Problem to solve:
Repeat the following data exactly, omitting pictures.

Data segment:
# # # # #
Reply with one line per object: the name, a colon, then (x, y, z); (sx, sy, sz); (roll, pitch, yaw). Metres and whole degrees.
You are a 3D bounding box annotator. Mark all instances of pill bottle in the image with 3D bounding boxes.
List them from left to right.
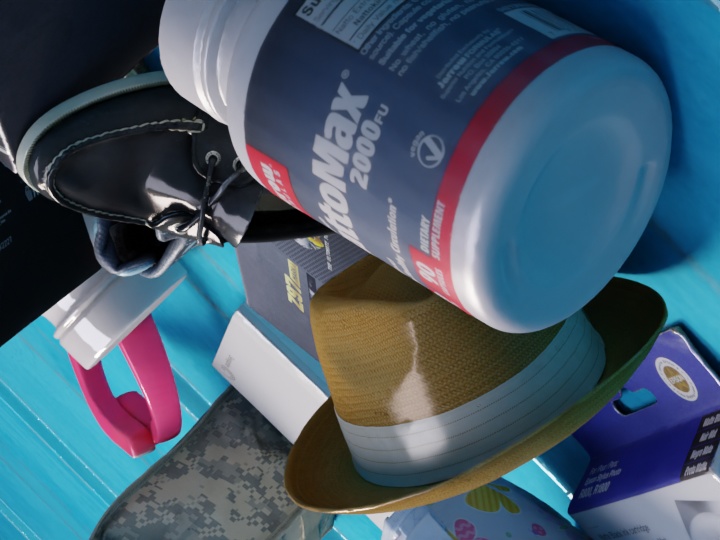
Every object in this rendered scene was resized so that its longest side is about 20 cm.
# # # # #
Solution for this exercise:
Reply with one line per object: the name, a colon, then (x, y, z); (sx, sy, sz); (roll, pitch, yaw). Metres and whole degrees.
You are a 3D bounding box annotator. Mark all instances of pill bottle in the image with 3D bounding boxes.
List them from left to right.
Every object in this rendered scene was resized so that its longest side is about 20 cm.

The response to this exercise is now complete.